▸ **WORK REQUEST**
Please restate the records that follow exactly, skipping their images.

Stored entries
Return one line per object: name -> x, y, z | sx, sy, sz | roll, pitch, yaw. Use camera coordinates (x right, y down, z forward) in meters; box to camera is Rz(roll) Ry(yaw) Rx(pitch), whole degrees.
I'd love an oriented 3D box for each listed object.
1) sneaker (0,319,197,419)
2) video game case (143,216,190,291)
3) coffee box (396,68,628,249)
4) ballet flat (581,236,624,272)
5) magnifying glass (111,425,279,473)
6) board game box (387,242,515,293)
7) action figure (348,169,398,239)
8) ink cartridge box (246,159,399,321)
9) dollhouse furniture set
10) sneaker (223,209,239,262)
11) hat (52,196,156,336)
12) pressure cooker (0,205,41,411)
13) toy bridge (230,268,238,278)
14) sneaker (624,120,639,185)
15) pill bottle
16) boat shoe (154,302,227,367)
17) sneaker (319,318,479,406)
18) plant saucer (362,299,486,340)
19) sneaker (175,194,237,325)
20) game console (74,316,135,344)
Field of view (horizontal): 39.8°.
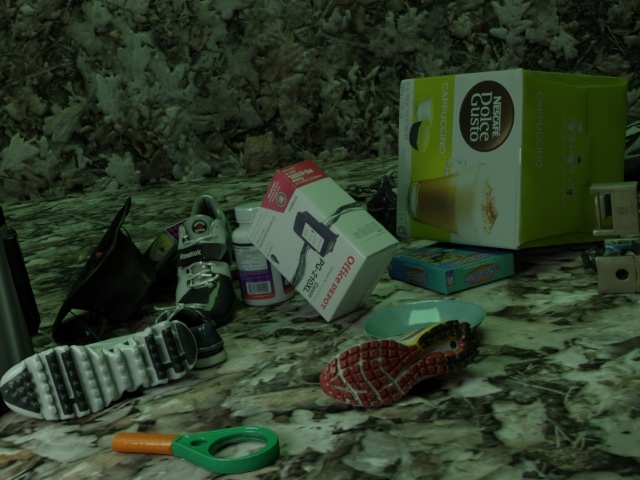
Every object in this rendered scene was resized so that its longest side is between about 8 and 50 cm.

▸ **TASK SOLUTION**
Return one line per object: name -> x, y, z | sx, sy, sz | roll, pitch, yaw. Use camera coordinates (x right, y down, z forward) in meters; box to camera is Rz(roll) Ry(yaw) Rx(pitch), whole degrees.
I'd love an oriented 3D box for each listed object.
1) sneaker (0,319,197,419)
2) video game case (143,216,190,291)
3) coffee box (396,68,628,249)
4) ballet flat (581,236,624,272)
5) magnifying glass (111,425,279,473)
6) board game box (387,242,515,293)
7) action figure (348,169,398,239)
8) ink cartridge box (246,159,399,321)
9) dollhouse furniture set
10) sneaker (223,209,239,262)
11) hat (52,196,156,336)
12) pressure cooker (0,205,41,411)
13) toy bridge (230,268,238,278)
14) sneaker (624,120,639,185)
15) pill bottle
16) boat shoe (154,302,227,367)
17) sneaker (319,318,479,406)
18) plant saucer (362,299,486,340)
19) sneaker (175,194,237,325)
20) game console (74,316,135,344)
Field of view (horizontal): 39.8°.
Every object in this rendered scene was resized so that its longest side is between about 8 and 50 cm.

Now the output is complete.